In December I completed my first simple object tracker as a project for the “Intelligent Multimedia Systems” course. It wasn’t a very advanced one but it is based on very simple ideas and technologies and very effective given the right environment. The tracker was a mean-shift one, which, as opposed to a brute-force tracker does not search for the object in all pixels around last known position. The mean-shift applies a gradient to the last known position thus determining what is the most probable direction the object just moved and shifting the gradient until the object is re-centred. This results in way less calculations being made and better performance.
The whole process goes like this in short:
We have a set of frames (either as a movie or as a sequence of images) and we choose an object to be tracked in the first frame. This can be done either by giving the coordinates of a rectangle or any other location. I chose to pick the object completely by having a mask for the first frame. Below is an example of first frame and mask:
This is the input data. Then the processing starts. Based on the given mask, the object will be retrieved from the first frame, its histogram will be computed and used throughout the whole application as a reference. The histogram reflects the set of colours in the given object. Now the complicated math comes in: to find the same object in the next frame, a kernel will be multiplied with the pixels of the second frame corresponding to the position of the object in the first frame.
The kernel I used is the Epanechnikov Kernel and it is a weighted function that looks like this:
What it means is that points in the middle of the object are more important than points on the sides or corners. When multiplying this function by the values of the pixels and comparing to the colour histogram, we will see a change in the values towards the direction our object is moving and then we will need to re-centre our position to maximize the result.

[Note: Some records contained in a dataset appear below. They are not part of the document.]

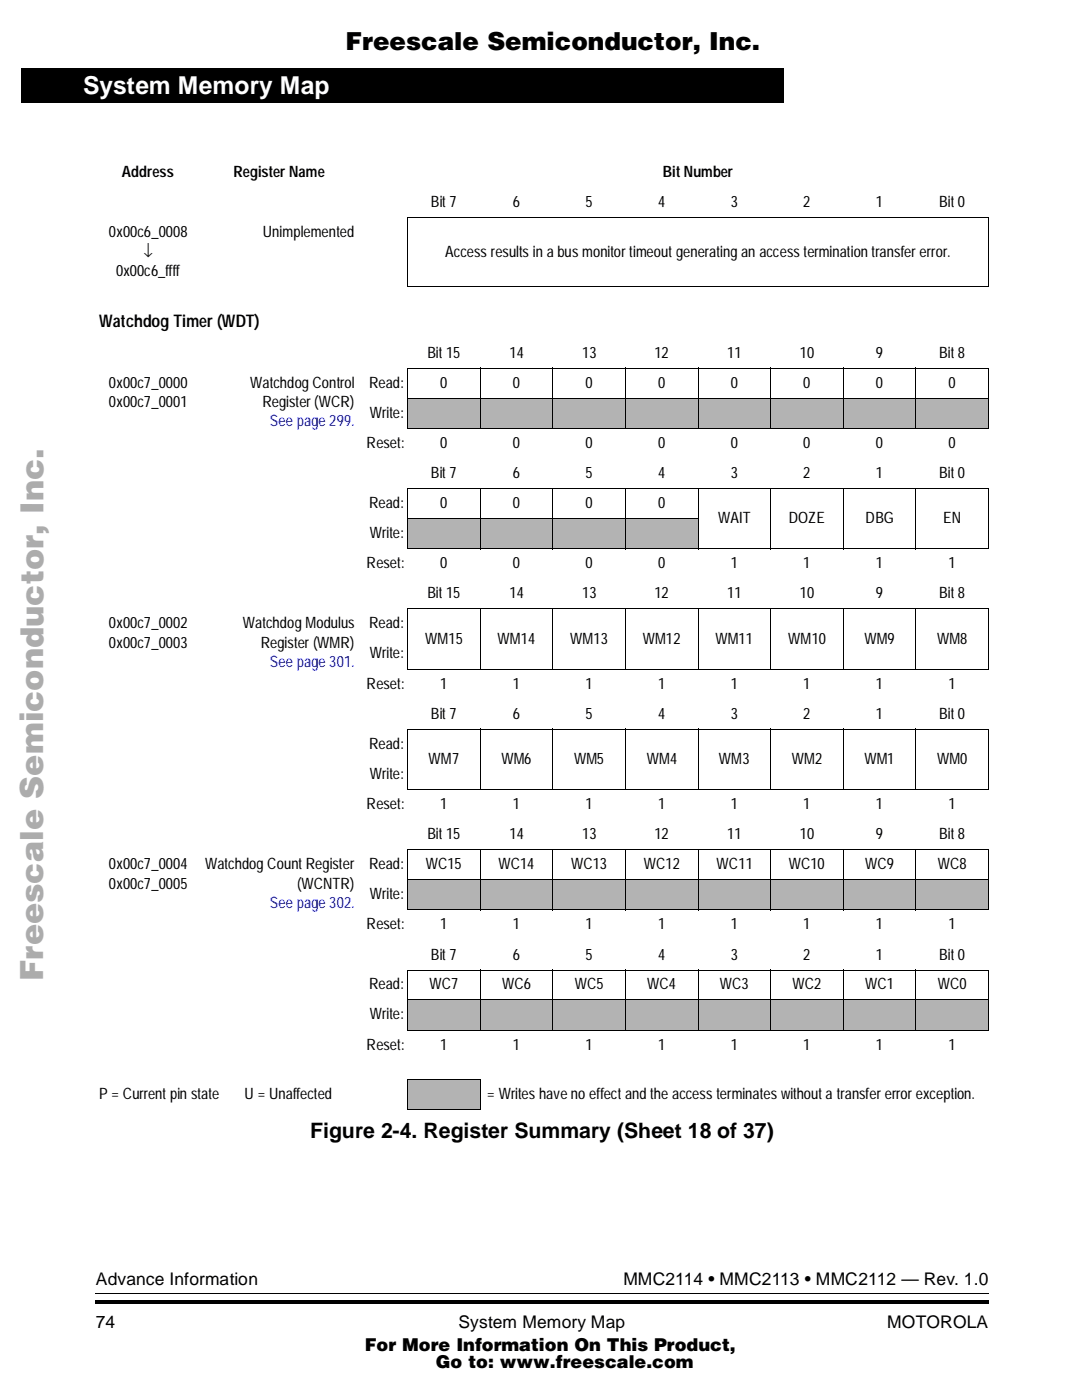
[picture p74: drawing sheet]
<svg xmlns="http://www.w3.org/2000/svg" width="216mm" height="279mm" viewBox="0 0 216 279" stroke-linecap="round" stroke-linejoin="round" font-family="sans-serif">
<defs><g id="words">
<text font-size="6.4" fill="#acacac" x="8.6" y="195.5" transform="rotate(-90 8.6 195.5)">Freescale Semiconductor, Inc...</text>
<text font-size="4.9" x="68.8" y="9.9">Freescale Semiconductor, Inc.</text>
<text font-size="4.9" fill="#fff" x="16.5" y="18.7">System Memory Map</text>
<text font-size="4.2" x="61.8" y="226.8">Figure 2-4. Register Summary (Sheet 18 of 37)</text>
<g font-size="3.5">
<text x="19.8" y="65.2">Watchdog Timer (WDT)</text>
<text x="19.1" y="256">Advance Information</text>
<text x="124.2" y="256">MMC2114 • MMC2113 • MMC2112 — Rev. 1.0</text>
<text x="19.1" y="264.7">74</text>
<text x="72.7" y="269.2">For More Information On This Product,</text>
<text x="91.3" y="264.7">System Memory Map</text>
<text x="176.7" y="264.7">MOTOROLA</text>
<text x="86.8" y="272.8">Go to: www.freescale.com</text>
</g>
<g font-size="3.1">
<text x="24.2" y="35.3">Address</text>
<text x="46.5" y="35.3">Register Name</text>
<text x="132" y="35.3">Bit Number</text>
<text x="85.8" y="41.3">Bit 7</text>
<text x="102.1" y="41.3">6</text>
<text x="116.6" y="41.3">5</text>
<text x="131.1" y="41.3">4</text>
<text x="145.6" y="41.3">3</text>
<text x="160" y="41.3">2</text>
<text x="174.4" y="41.3">1</text>
<text x="187.1" y="41.3">Bit 0</text>
<text x="21.7" y="47.2">0x00c6_0008</text>
<text x="52.4" y="47.2">Unimplemented</text>
<text x="28.6" y="51.1">↓</text>
<text x="88.7" y="51.1">Access results in a bus monitor timeout generating an access termination transfer error.</text>
<text x="23.1" y="55">0x00c6_ffff</text>
<text x="85.1" y="71.3">Bit 15</text>
<text x="101.5" y="71.3">14</text>
<text x="115.9" y="71.3">13</text>
<text x="130.3" y="71.3">12</text>
<text x="144.8" y="71.3">11</text>
<text x="159.3" y="71.3">10</text>
<text x="174.5" y="71.3">9</text>
<text x="187.1" y="71.3">Bit 8</text>
<text x="21.7" y="77.3">0x00c7_0000</text>
<text x="49.8" y="77.3">Watchdog Control</text>
<text x="73.5" y="77.3">Read:</text>
<text x="87.7" y="77.3">0</text>
<text x="102.1" y="77.3">0</text>
<text x="116.6" y="77.3">0</text>
<text x="131.1" y="77.3">0</text>
<text x="145.6" y="77.3">0</text>
<text x="160" y="77.3">0</text>
<text x="174.4" y="77.3">0</text>
<text x="188.9" y="77.3">0</text>
<text x="21.7" y="81.1">0x00c7_0001</text>
<text x="52.3" y="81.1">Register (WCR)</text>
<text x="73.7" y="83.2">Write:</text>
<text x="73" y="89.2">Reset:</text>
<text x="87.7" y="89.2">0</text>
<text x="102.1" y="89.2">0</text>
<text x="116.6" y="89.2">0</text>
<text x="131.1" y="89.2">0</text>
<text x="145.6" y="89.2">0</text>
<text x="160" y="89.2">0</text>
<text x="174.4" y="89.2">0</text>
<text x="188.9" y="89.2">0</text>
<text x="85.8" y="95.2">Bit 7</text>
<text x="102.1" y="95.2">6</text>
<text x="116.6" y="95.2">5</text>
<text x="131.1" y="95.2">4</text>
<text x="145.6" y="95.2">3</text>
<text x="160" y="95.2">2</text>
<text x="174.4" y="95.2">1</text>
<text x="187.1" y="95.2">Bit 0</text>
<text x="73.5" y="101.3">Read:</text>
<text x="87.7" y="101.3">0</text>
<text x="102.1" y="101.3">0</text>
<text x="116.6" y="101.3">0</text>
<text x="131.1" y="101.3">0</text>
<text x="73.7" y="107.3">Write:</text>
<text x="143" y="104.2">WAIT</text>
<text x="157.1" y="104.2">DOZE</text>
<text x="172.4" y="104.2">DBG</text>
<text x="187.8" y="104.2">EN</text>
<text x="73" y="113.3">Reset:</text>
<text x="87.7" y="113.3">0</text>
<text x="102.1" y="113.3">0</text>
<text x="116.6" y="113.3">0</text>
<text x="131.1" y="113.3">0</text>
<text x="145.6" y="113.3">1</text>
<text x="160" y="113.3">1</text>
<text x="174.4" y="113.3">1</text>
<text x="188.9" y="113.3">1</text>
<text x="85.1" y="119.2">Bit 15</text>
<text x="101.5" y="119.2">14</text>
<text x="115.9" y="119.2">13</text>
<text x="130.3" y="119.2">12</text>
<text x="144.8" y="119.2">11</text>
<text x="159.3" y="119.2">10</text>
<text x="174.5" y="119.2">9</text>
<text x="187.1" y="119.2">Bit 8</text>
<text x="21.7" y="125.2">0x00c7_0002</text>
<text x="48.4" y="125.2">Watchdog Modulus</text>
<text x="73.5" y="125.2">Read:</text>
<text x="21.7" y="129.1">0x00c7_0003</text>
<text x="51.9" y="129.1">Register (WMR)</text>
<text x="73.7" y="131.2">Write:</text>
<text x="84.7" y="128.3">WM15</text>
<text x="99.1" y="128.3">WM14</text>
<text x="113.6" y="128.3">WM13</text>
<text x="128" y="128.3">WM12</text>
<text x="142.5" y="128.3">WM11</text>
<text x="157" y="128.3">WM10</text>
<text x="172.2" y="128.3">WM9</text>
<text x="186.6" y="128.3">WM8</text>
<text x="73" y="137.2">Reset:</text>
<text x="87.7" y="137.2">1</text>
<text x="102.1" y="137.2">1</text>
<text x="116.6" y="137.2">1</text>
<text x="131.1" y="137.2">1</text>
<text x="145.6" y="137.2">1</text>
<text x="160" y="137.2">1</text>
<text x="174.4" y="137.2">1</text>
<text x="188.9" y="137.2">1</text>
<text x="85.8" y="143.3">Bit 7</text>
<text x="102.1" y="143.3">6</text>
<text x="116.6" y="143.3">5</text>
<text x="131.1" y="143.3">4</text>
<text x="145.6" y="143.3">3</text>
<text x="160" y="143.3">2</text>
<text x="174.4" y="143.3">1</text>
<text x="187.1" y="143.3">Bit 0</text>
<text x="73.5" y="149.3">Read:</text>
<text x="73.7" y="155.3">Write:</text>
<text x="85.4" y="152.2">WM7</text>
<text x="99.9" y="152.2">WM6</text>
<text x="114.3" y="152.2">WM5</text>
<text x="128.8" y="152.2">WM4</text>
<text x="143.2" y="152.2">WM3</text>
<text x="157.7" y="152.2">WM2</text>
<text x="172.2" y="152.2">WM1</text>
<text x="186.6" y="152.2">WM0</text>
<text x="73" y="161.2">Reset:</text>
<text x="87.7" y="161.2">1</text>
<text x="102.1" y="161.2">1</text>
<text x="116.6" y="161.2">1</text>
<text x="131.1" y="161.2">1</text>
<text x="145.6" y="161.2">1</text>
<text x="160" y="161.2">1</text>
<text x="174.4" y="161.2">1</text>
<text x="188.9" y="161.2">1</text>
<text x="85.1" y="167.2">Bit 15</text>
<text x="101.5" y="167.2">14</text>
<text x="115.9" y="167.2">13</text>
<text x="130.3" y="167.2">12</text>
<text x="144.8" y="167.2">11</text>
<text x="159.3" y="167.2">10</text>
<text x="174.5" y="167.2">9</text>
<text x="187.1" y="167.2">Bit 8</text>
<text x="21.7" y="173.2">0x00c7_0004</text>
<text x="40.8" y="173.2">Watchdog Count Register</text>
<text x="73.5" y="173.2">Read:</text>
<text x="84.8" y="173.2">WC15</text>
<text x="99.3" y="173.2">WC14</text>
<text x="113.7" y="173.2">WC13</text>
<text x="128.2" y="173.2">WC12</text>
<text x="142.7" y="173.2">WC11</text>
<text x="157.1" y="173.2">WC10</text>
<text x="172.3" y="173.2">WC9</text>
<text x="186.8" y="173.2">WC8</text>
<text x="21.7" y="177.1">0x00c7_0005</text>
<text x="59.2" y="177.1">(WCNTR)</text>
<text x="73.7" y="179.2">Write:</text>
<text x="73" y="185.2">Reset:</text>
<text x="87.7" y="185.2">1</text>
<text x="102.1" y="185.2">1</text>
<text x="116.6" y="185.2">1</text>
<text x="131.1" y="185.2">1</text>
<text x="145.6" y="185.2">1</text>
<text x="160" y="185.2">1</text>
<text x="174.4" y="185.2">1</text>
<text x="188.9" y="185.2">1</text>
<text x="85.8" y="191.3">Bit 7</text>
<text x="102.1" y="191.3">6</text>
<text x="116.6" y="191.3">5</text>
<text x="131.1" y="191.3">4</text>
<text x="145.6" y="191.3">3</text>
<text x="160" y="191.3">2</text>
<text x="174.4" y="191.3">1</text>
<text x="187.1" y="191.3">Bit 0</text>
<text x="73.5" y="197.2">Read:</text>
<text x="85.5" y="197.2">WC7</text>
<text x="100" y="197.2">WC6</text>
<text x="114.5" y="197.2">WC5</text>
<text x="128.9" y="197.2">WC4</text>
<text x="143.4" y="197.2">WC3</text>
<text x="157.8" y="197.2">WC2</text>
<text x="172.3" y="197.2">WC1</text>
<text x="186.8" y="197.2">WC0</text>
<text x="73.7" y="203.2">Write:</text>
<text x="73" y="209.2">Reset:</text>
<text x="87.7" y="209.2">1</text>
<text x="102.1" y="209.2">1</text>
<text x="116.6" y="209.2">1</text>
<text x="131.1" y="209.2">1</text>
<text x="145.6" y="209.2">1</text>
<text x="160" y="209.2">1</text>
<text x="174.4" y="209.2">1</text>
<text x="188.9" y="209.2">1</text>
<text x="19.8" y="219">P = Current pin state</text>
<text x="48.7" y="219">U = Unaffected</text>
<text x="97.1" y="219">= Writes have no effect and the access terminates without a transfer error exception.</text>
</g>
<g font-size="3.1" fill="#00f">
<text x="53.7" y="85">See page 299.</text>
<text x="53.7" y="133">See page 301.</text>
<text x="53.7" y="181">See page 302.</text>
</g>
</g></defs>
<path d="M19 257.7l.1 .2zM19 259.1l.1 .7zM19.1 259.1h177.8v.7h-177.8zM196.9 257.7v.2zM196.9 259.1v.7z" fill="#000"/>
<path d="M19.1 257.8h177.8" fill="none" stroke="#000" stroke-width=".2"/>
<path d="M9.5 13.6h6.3v248.9h-6.3z" fill="#fff"/>
<path d="M4.3 13.6h151.9v6.9h-151.9zM4.3 13.6h151.9v1.7h-151.9z" fill="#000"/>
<g fill="#b3b3b3">
<path d="M81.2 79.4h14.3v5.9h-14.3z"/>
<path d="M95.6 79.4h14.4v5.9h-14.4z"/>
<path d="M110.1 79.4h14.4v5.9h-14.4z"/>
<path d="M124.6 79.4h14.4v5.9h-14.4z"/>
<path d="M139.1 79.4h14.3v5.9h-14.3z"/>
<path d="M153.5 79.4h14.3v5.9h-14.3z"/>
<path d="M167.9 79.4h14.4v5.9h-14.4z"/>
<path d="M182.4 79.4h14.4v5.9h-14.4z"/>
<path d="M81.2 103.4h14.3v5.9h-14.3z"/>
<path d="M95.6 103.4h14.4v5.9h-14.4z"/>
<path d="M110.1 103.4h14.4v5.9h-14.4z"/>
<path d="M124.6 103.4h14.4v5.9h-14.4z"/>
<path d="M81.2 175.3h14.3v6h-14.3z"/>
<path d="M95.6 175.3h14.4v6h-14.4z"/>
<path d="M110.1 175.3h14.4v6h-14.4z"/>
<path d="M124.6 175.3h14.4v6h-14.4z"/>
<path d="M139.1 175.3h14.3v6h-14.3z"/>
<path d="M153.5 175.3h14.3v6h-14.3z"/>
<path d="M167.9 175.3h14.4v6h-14.4z"/>
<path d="M182.4 175.3h14.4v6h-14.4z"/>
<path d="M81.2 199.3h14.3v5.9h-14.3z"/>
<path d="M95.6 199.3h14.4v5.9h-14.4z"/>
<path d="M110.1 199.3h14.4v5.9h-14.4z"/>
<path d="M124.6 199.3h14.4v5.9h-14.4z"/>
<path d="M139.1 199.3h14.3v5.9h-14.3z"/>
<path d="M153.5 199.3h14.3v5.9h-14.3z"/>
<path d="M167.9 199.3h14.4v5.9h-14.4z"/>
<path d="M182.4 199.3h14.4v5.9h-14.4z"/>
<path d="M81.2 215.1h14.3v6h-14.3z"/>
</g>
<g fill="none" stroke="#000" stroke-width=".2">
<path d="M81.1 43.4h115.9M81.1 57.1h115.9M81.2 43.5v13.6M196.9 43.5v13.6M81.1 73.4h115.9M81.1 79.4h115.9M81.2 73.5v11.8M95.6 73.3v12.2M110.1 73.3v12.2M124.6 73.3v12.2M139.1 73.3v12.2M153.5 73.3v12.2"/>
<path d="M167.9 73.3v12.2M182.4 73.3v12.2M196.9 73.5v11.8M81.1 85.3h115.9M81.1 97.4h115.9M81.2 97.4v11.9M95.6 97.3v12.2M110.1 97.3v12.2M124.6 97.3v12.2M139.1 97.3v12.2M153.5 97.3v12.2M167.9 97.3v12.2"/>
<path d="M182.4 97.3v12.2M196.9 97.4v11.9M81.1 103.4h58M81.1 109.4h115.9M81.1 121.3h115.9M81.1 133.3h115.9M81.2 121.5v11.8M95.6 121.2v12.2M110.1 121.2v12.2M124.6 121.2v12.2M139.1 121.2v12.2M153.5 121.2v12.2"/>
<path d="M167.9 121.2v12.2M182.4 121.2v12.2M196.9 121.5v11.8M81.1 145.4h115.9M81.1 157.4h115.9M81.2 145.5v11.7M95.6 145.3v12.2M110.1 145.3v12.2M124.6 145.3v12.2M139.1 145.3v12.2M153.5 145.3v12.2M167.9 145.3v12.2"/>
<path d="M182.4 145.3v12.2M196.9 145.5v11.7M81.1 169.3h115.9M81.1 175.3h115.9M81.2 169.4v11.9M95.6 169.2v12.2M110.1 169.2v12.2M124.6 169.2v12.2M139.1 169.2v12.2M153.5 169.2v12.2M167.9 169.2v12.2M182.4 169.2v12.2"/>
<path d="M196.9 169.4v11.9M81.1 181.4h115.9M81.1 193.4h115.9M81.1 199.3h115.9M81.2 193.5v11.7M95.6 193.2v12.2M110.1 193.2v12.2M124.6 193.2v12.2M139.1 193.2v12.2M153.5 193.2v12.2M167.9 193.2v12.2M182.4 193.2v12.2"/>
<path d="M196.9 193.5v11.7M81.1 205.3h115.9M81.1 215.1h14.6M81.2 215.2v5.9M95.6 215.2v5.9M81.1 221.1h14.6"/>
</g>
<use href="#words"/>
</svg>

It is a very effective way provided the colour is not confusing, for example the object might have a very similar colour to the background. Below are some examples of final movies with objects tracked. Two of them are from the set everybody received, a football match, and the third one I had to find myself. For that I used a set of images from the PETS 2006 International Workshop. The purpose of that workshop was to track people that left their luggage unattended for more than 30 seconds, so most of them are from stations or airports CCTV footage but it suited me just fine.
First Football match tracking clip:
Second Football match tracking clip:
CCTV tracking clip:
Of course problems can appear when using this technique if colours of other objects are similar. For example there is a spike in the second clip when the tracked player passes behind another one and both contain some black color in their histogram. But, all in all it is a very powerful way of tracking and doesn’t use a lot of processing power.